While "catnip" is the most famous type of catmint plant, there are numerous other kinds. In many cases, gardeners grow these other varieties simply because they look great in the garden. Long-blooming perennials such as the first two types discussed below are very useful to those of us seeking continuous sequence of bloom in the garden.
By contrast, catnip has a rather weedy appearance and is rarely grown as an ornamental. Nonetheless, it is king of the catmint plants because of its effect on that diminutive "king of the jungle" on mouse patrol in your backyard.
Nepeta x faassenii '6 Hills Giant' is a showy herb, because of its size and the number of flowers it bears. Shear back this long-blooming perennial after its initial blooming and you'll be rewarded with floral color for most of the growing season. Since it's a drought-tolerant ground cover, this is about the only summer care it requires.
The landscaping mistake I made, initially, with 6 Hills Giant was failure to give it enough room. The herb ended up dwarfing some of the smaller specimens I had installed around it. I won't make that mistake again. Now I know that this catmint plant should be sent out to play with the big boys, lest it bully the little ones.
Similarly, you can let it fill in that gaping hole you have in the front row of a flower bed, but be sure to set it back three feet or so. Otherwise, it will hurdle over timber edging (or whatever type you use) and become a nuisance when you have to mow or weedwack. But properly situated at the front of a perennial bed, it can serve as foreground for taller plants such as hollyhocks and still hold its own.
Names can be deceiving sometimes, but in the case of 'Six Hills Giant' and 'Little Titch', the cultivar names clearly suggest how these two very different varieties of catmint plant might be used.
While 6 Hills Giant can play with the big boys, Little Titch is easily overwhelmed. It's just as tough (drought-tolerant) and just as long-blooming as its bigger cousin, but choose smallish friends for it if you really want to show it off. A prominent nook in a rock garden might be just the spot for this dwarf catmint plant. So might any landscape plagued by deer, as Little Titch (indeed, most types of catmint) is a deer-resistant perennial. Click the link below to learn more about this variety.
OK, this is the catmint plant you've been waiting to hear about if you're a cat-lover. Catnip (Nepeta cataria) drives many cats wild. Other members of the genus, such as the two varieties of catmint plants discussed above, may also produce an effect on some cats, but you're best off sticking with catnip if your main purpose is to grow an intoxicant for your cat.
Humans have put catnip to various medicinal uses for themselves, too. That's right, catnip isn't just for cats.

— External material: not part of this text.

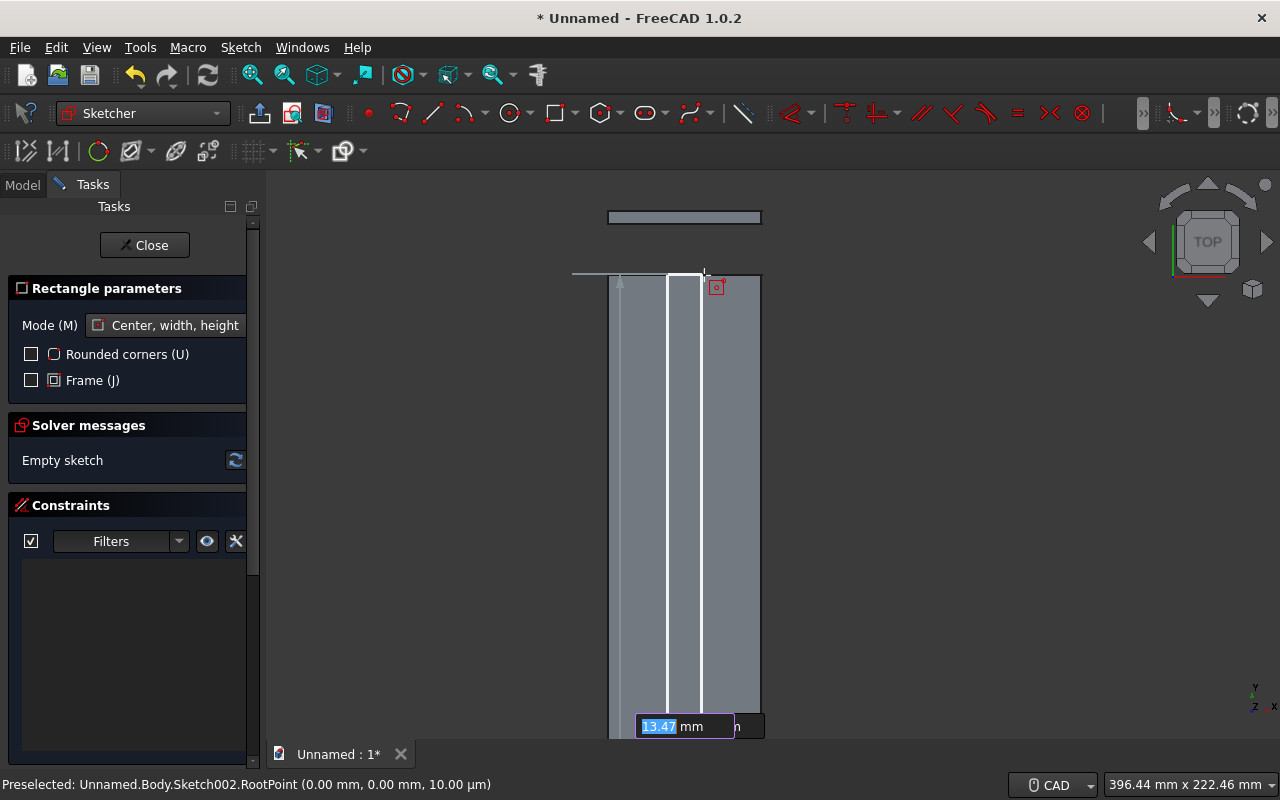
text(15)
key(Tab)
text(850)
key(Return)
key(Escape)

Amy Jeanroy, About.com Guide to Herb Gardens, includes catnip plants in her list of Herbs For An Herb Tea Garden. Ever heard of "catnip tea"? Amy notes that "catnip makes a good choice if you want a relaxing blend" in a tea.
You can also draw wildlife to your landscaping by growing catnip (or many of the other types of catmint plants), including butterflies. I haven't personally witnessed it, but Washington State University reports that catnip draws hummingbirds. You can see from my picture (left) that it attracts bumblebees. Luckily, it does not draw unwanted deer pests.